With the increase in human consumption of phytoestrogens, studies that address the consequences of phytoestrogens exposure are required. Knowledge on the effects of phytoestrogens has increased recently, however, there have been only few studies concerning prenatal exposure to phytoestrogens on cellular immune response in female rats. Additionally, the immune response to intradermal phytohemagglutinin (PHA) was used for estimating T cell-mediated immunity in avian species, however, there were no available literature in rodents.

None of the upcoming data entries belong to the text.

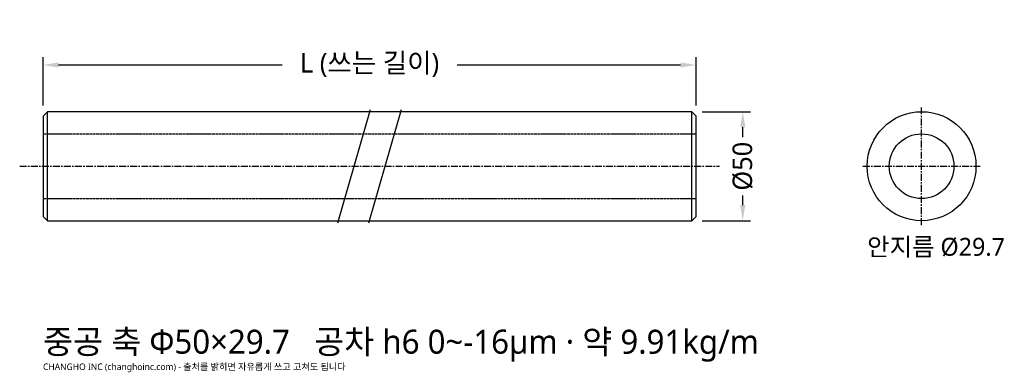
# Model space of a CAD drawing. Header units: millimetres. Extents: x -11 to 442, y -95 to 67.
import ezdxf

# ---------------------------------------------------------------- set-up
doc = ezdxf.new("R2010")
doc.units = ezdxf.units.MM
doc.linetypes.add('CENTER', pattern=[5.08, 3.175, -0.635, 0.635, -0.635])
doc.linetypes.add('DASHED', pattern=[1.524, 1.27, -0.254])
for name, color, linetype in [('문자', 7, 'CONTINUOUS'), ('숨은선', 3, 'DASHED'), ('외형선', 7, 'CONTINUOUS'), ('중심선', 1, 'CENTER'), ('치수', 4, 'CONTINUOUS')]:
    doc.layers.add(name, color=color, linetype=linetype)
doc.styles.add('CH_KOR', font='malgun.ttf')
doc.dimstyles.new('CH_DIM', dxfattribs={"dimtxt": 2.5, "dimasz": 2, "dimexe": 1, "dimexo": 0.8, "dimgap": 0.8, "dimtad": 1, "dimdec": 1, "dimdsep": 46, "dimtxsty": 'CH_KOR', "dimcen": 2.5, "dimclrd": 4, "dimclre": 4, "dimclrt": 4, "dimazin": 3, "dimtfac": 1, "dimtmove": 0, "dimatfit": 3})

# ---------------------------------------------------------------- blocks, each defined once
blk = doc.blocks.new('_CLOSEDFILLED')
at = {"color": 0, "linetype": 'BYBLOCK'}
blk.add_solid([(-1, 0.164), (0, 0), (-1, -0.164)], dxfattribs=at)
blk = doc.blocks.new('*D1')
at = {"color": 4}
for p, q in [((302.86, 25), (325, 25)), ((321.43, 13.39), (321.43, 17.86)), ((321.43, -17.86), (321.43, -13.39)), ((302.86, -25), (325, -25))]:
    blk.add_line(p, q, dxfattribs=at)
at = {"layer": 'Defpoints'}
for p in [(300, 25), (300, -25), (321.43, -25)]:
    blk.add_point(p, dxfattribs=at)
at = {"layer": '치수', "color": 4, "xscale": 7.142857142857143, "yscale": 7.142857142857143}
for p, rotation in [((321.43, 25), 90), ((321.43, -25), 270)]:
    blk.add_blockref('_CLOSEDFILLED', p, dxfattribs=dict(at, rotation=rotation))
at = {"layer": '치수', "color": 4, "insert": (321.43, 0), "char_height": 8.929, "attachment_point": 5, "rotation": 90, "style": 'CH_KOR'}
blk.add_mtext('Ø50', dxfattribs=at)
blk = doc.blocks.new('*D2')
at = {"color": 4}
for p, q in [((0, 27.86), (0, 50)), ((300, 27.86), (300, 50)), ((7.14, 46.43), (109.82, 46.43)), ((190.18, 46.43), (292.86, 46.43))]:
    blk.add_line(p, q, dxfattribs=at)
at = {"layer": 'Defpoints'}
for p in [(0, 46.43), (0, 25), (300, 25)]:
    blk.add_point(p, dxfattribs=at)
at = {"layer": '치수', "color": 4, "xscale": 7.142857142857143, "yscale": 7.142857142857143, "rotation": 180}
blk.add_blockref('_CLOSEDFILLED', (0, 46.43), dxfattribs=at)
at = {"layer": '치수', "color": 4, "xscale": 7.142857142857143, "yscale": 7.142857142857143}
blk.add_blockref('_CLOSEDFILLED', (300, 46.43), dxfattribs=at)
at = {"layer": '치수', "color": 4, "insert": (150, 46.43), "char_height": 8.929, "attachment_point": 5, "style": 'CH_KOR'}
blk.add_mtext('L (쓰는 길이)', dxfattribs=at)

msp = doc.modelspace()

# ---------------------------------------------------------------- linework, layer by layer
at = {"layer": '숨은선'}
for p, q in [((0, 14.85), (300, 14.85)), ((0, -14.85), (300, -14.85))]:
    msp.add_line(p, q, dxfattribs=at)
at = {"layer": '외형선'}
for p, q in [((2, -25), (2, 25)), ((135.36, -26), (150.36, 26)), ((149.64, -26), (164.64, 26)), ((298, -25), (298, 25))]:
    msp.add_line(p, q, dxfattribs=at)
msp.add_lwpolyline([(2, -25), (298, -25), (300, -23), (300, 23), (298, 25), (2, 25), (0, 23), (0, -23)], close=True, dxfattribs=at)
for radius in [25, 14.85]:
    msp.add_circle((403.57, 0), radius, dxfattribs=at)
at = {"layer": '중심선'}
for p, q in [((403.57, -27), (403.57, 27)), ((-10.71, 0), (310.71, 0)), ((376.57, 0), (430.57, 0))]:
    msp.add_line(p, q, dxfattribs=at)

# ---------------------------------------------------------------- texts
at = {"layer": '문자', "style": 'CH_KOR'}
for s, height, p in [('안지름 Ø29.7', 8.214, (378.57, -41.07)), ('중공 축 Φ50×29.7   공차 h6 0~-16μm · 약 9.91kg/m', 11, (0, -86)), ('CHANGHO INC (changhoinc.com) - 출처를 밝히면 자유롭게 쓰고 고쳐도 됩니다', 3, (0, -93.5))]:
    msp.add_text(s, height=height, dxfattribs=at).set_placement(p)

# ---------------------------------------------------------------- dimensions: what is measured, and where the dimension line sits
at = {"layer": '치수'}
dim = msp.add_linear_dim(base=(0, 46.43), p1=(0, 25), p2=(300, 25), text='L (쓰는 길이)', dimstyle='CH_DIM', override={"dimscale": 3.571429}, dxfattribs=at)
dim.commit()
dim.dimension.update_dxf_attribs({"geometry": '*D2', "text_midpoint": (150, 46.43)})
dim = msp.add_linear_dim(base=(321.43, -25), p1=(300, -25), p2=(300, 25), angle=90, text='Ø50', dimstyle='CH_DIM', override={"dimscale": 3.571429}, dxfattribs=at)
dim.commit()
dim.dimension.update_dxf_attribs({"geometry": '*D1', "text_midpoint": (321.43, 0)})

doc.saveas('drawing.dxf')

Therefore, the aim of this study was to investigate the prenatal exposure of dietary soy isoflavones on immune response of female albino rats’ offspring through determination of the immune response to intradermal PHA injection via calculation of Intumesce index, determination of TNF-α, IFN-γ, and IL-12 levels and examination of histopathological changes in PHA-injected foot pad, thymus, and spleen.

Materials and Methods

Animals

Thirty-six regular cyclic adult female Wister albino rats, weighing approximately 180 to 250 g, were purchased from Laboratory Animal House at Faculty of Veterinary Medicine, Suez Canal University, Ismailia, Egypt. Rats were housed in a standard plastic cage (3 rats per cage). They were maintained under standard natural day light rhythm with an average temperature of 25°C (±1°C). They were provided casein-based diet and water ad libitum ad libitum. The experiment was approved by the Committee of Laboratory Animals at Faculty of Veterinary Medicine, Suez Canal University.

Breeding Procedures

After 2 weeks of acclimatization, the estrous cycle was monitored by daily cytological examination of vaginal smear²³ to determine the females with 3 successive regular cycles. Vaginal smears were obtained from each female once daily early in the morning. The smears were dried with a flame and stained for 1 minutes with methylene blue and examined under a microscope to determine the phase of estrous cycle. Females with regular cycles were selected for this study, while irregular ones were excluded. Mature males were introduced with proestrus virgin females in ratio of 1 male–3 females per cage at the afternoon and stay overnight. Mating was confirmed by the presence of sperms in the vaginal smears or the presence of vaginal plug, and this was designated as the zero day of pregnancy.²⁴

Experimental Groups and Treatment

The rats at day 0 of pregnancy were assigned to 3 independent groups (12 rats per group). The first group (n = 12) of pregnant dams were fed casein-based control diet (soy isoflavones free). The second group (n = 12) were fed low-dose (6.5 g/100 g of the diet) soy isoflavones. The third group (n = 12) were fed high-dose (26 g/100 g of the diet) soy isoflavones. All diets were formulated to fulfill all the nutritional requirements of pregnant rats.²⁵ Experimental diets were offered from zero day of pregnancy to the day of giving birth. After parturition, all experimental rats and their offspring were given a control diet. The number of pups per litter, number of female and male offspring per dam, and the offspring mortality rates were determined. Only female offspring were used in this experiment, while male offspring were assigned to another experiment.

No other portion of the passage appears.